La mayoría de migrantes que están en el estacionamiento de la OCC son originarios de Venezuela; pero también hay de diferentes países de Centroamérica, Haití y Cuba. Muchos de ellos han tenido que cruzar la Selva del Darién, uno de los lugares considerados más riesgosos en el trayecto de las y los migrantes.
“A nosotros nos llevó dos días cruzar, y la verdad nos fue muy bien. Le pedí mucho a Dios que no permitiera que ni mi hija, ni yo viéramos algo que no teníamos que ver, que no nos pasara nada, y fíjese, que en el camino estaba el cuerpo de un muerto y todos lo vieron y me decían que si lo había visto, y yo nunca lo vi, y qué bueno”.
Los días que se pueden llevar cruzando la selva son por lo menos dos, pero hay quienes se tardan mucho más porque el río está crecido, porque sufren algún tipo de accidente, pierden a alguien de su familia, los muerde a algún animal. Pero, no son solo los peligros naturales de la selva a los que se enfrentan en ese trayecto también son comunes los asaltos y los secuestros.
Jocelyn, quien viaja con sus tres hijos y su pareja, perdió por tres días a su hijo más pequeño porque al lugar que descansaban dentro de la selva llegaron unos hombres armados a asaltarlos. Todos salieron corriendo. En el alboroto otra familia se llevó a su hijo y fue hasta que salieron del Dairén, que pudo reencontrarse con el niño.
Aunque todas tienen algo que contar de la Selva, dicen que atravesar México es también muy difícil. Son 4 mil 800 kilómetros, donde tienen que ir sorteando a los agentes de migración, el crimen organizado, la falta de dinero y la xenofobia.

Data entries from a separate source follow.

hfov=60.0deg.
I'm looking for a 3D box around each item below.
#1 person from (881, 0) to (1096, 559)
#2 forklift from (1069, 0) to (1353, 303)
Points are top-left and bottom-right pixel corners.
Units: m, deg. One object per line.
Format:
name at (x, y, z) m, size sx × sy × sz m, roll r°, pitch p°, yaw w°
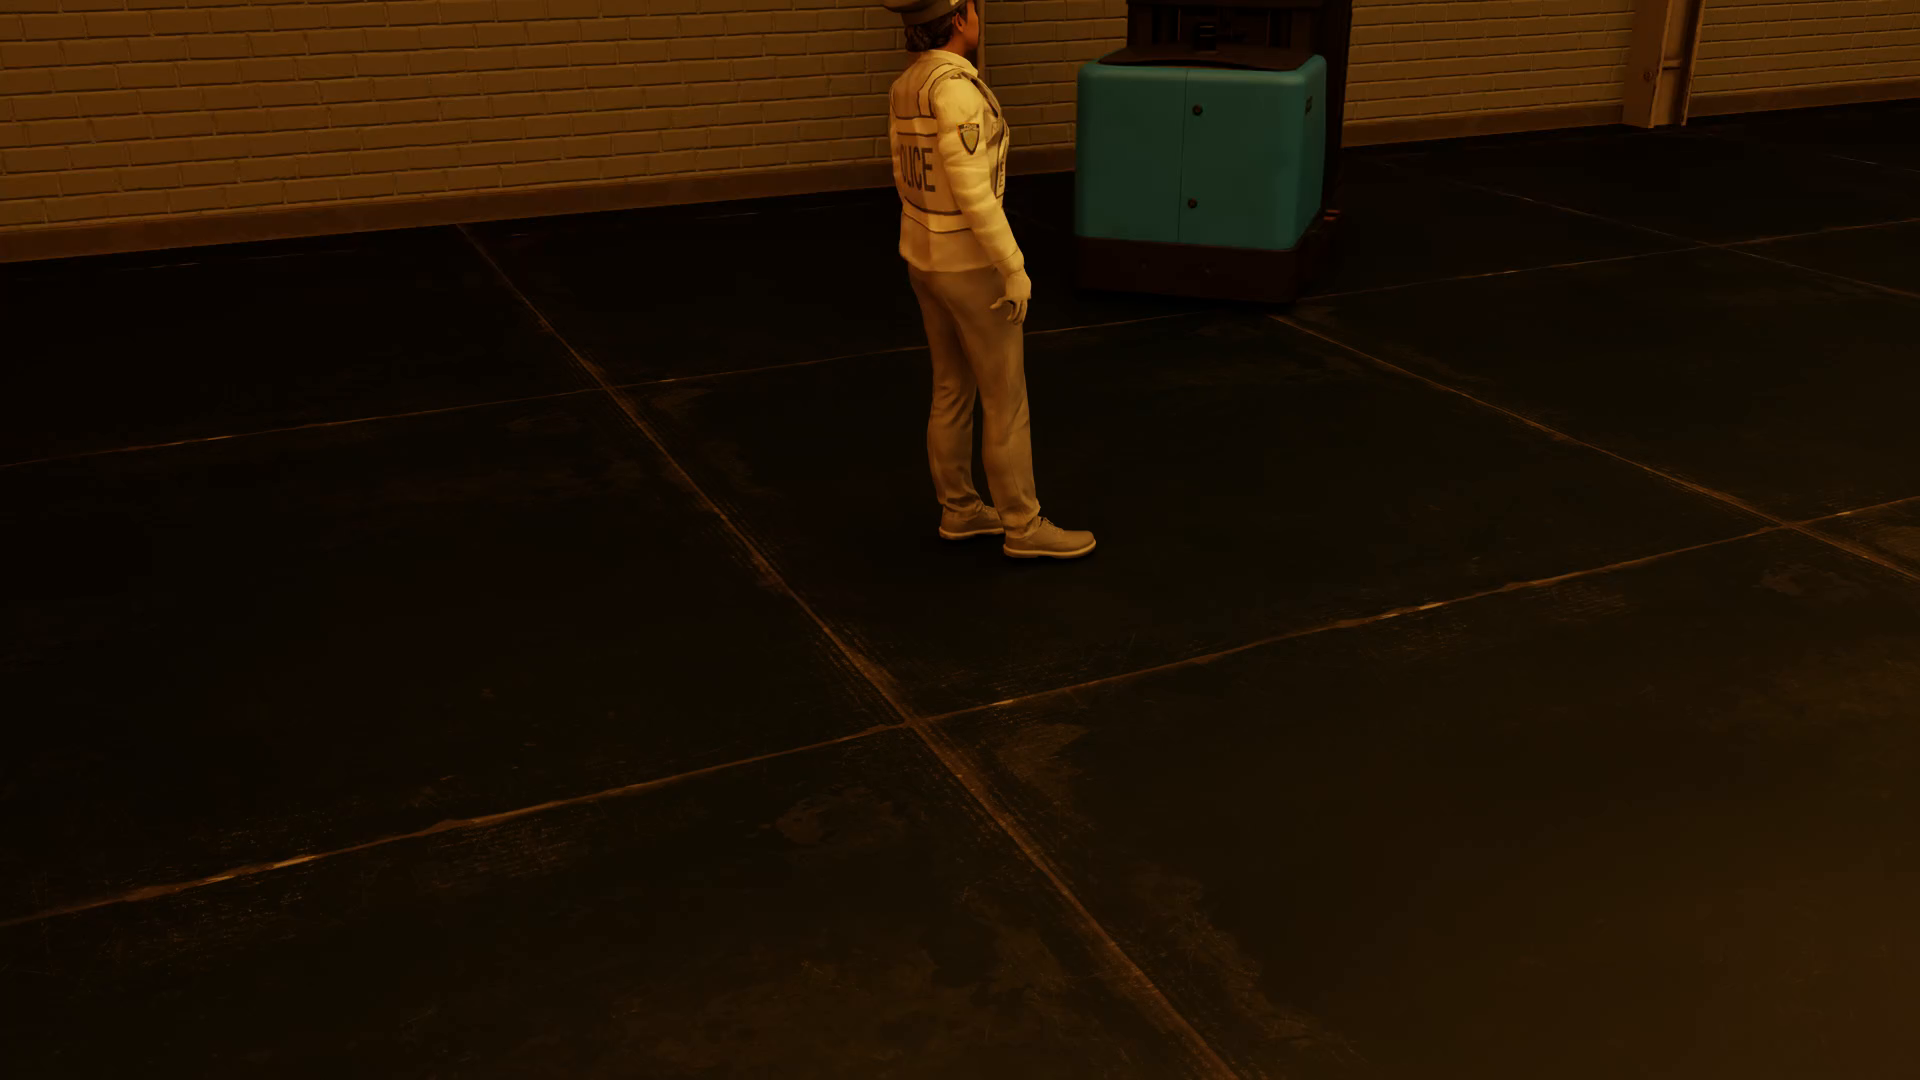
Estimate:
person at (0.065, -0.798, 4.800) m, size 0.532 × 1.694 × 0.586 m, roll -10°, pitch 25°, yaw -23°
forklift at (1.456, -2.954, 8.398) m, size 1.130 × 2.935 × 3.031 m, roll 7°, pitch 24°, yaw 17°

En el campamento converso por lo menos con unas cinco mujeres, todas son madres, y viajan con sus hijos, y algunas con su pareja. Ni una rebasa los 35 años, para migrar se necesita ser joven, poder aguantar el viaje. Todas llevan como meta llegar a los Estados Unidos. Todas dicen que les ha ido bien en el viaje, pero cuando se les escucha hablar, la palabra “bien” recobra otro significado, porque todas han sido extorsionadas en su trayecto, se han enfermado ellas o sus hijos, se han quedado sin dinero; pero aún con todo eso, aseguran que han corrido con suerte porque siguen con su familia, no han sido violadas o secuestradas, y están vivas.
La frontera norte aún está lejos, todavía les falta mucho por recorrer; pero por ahora Tuxtla es su oasis que les permite tomar fuerzas.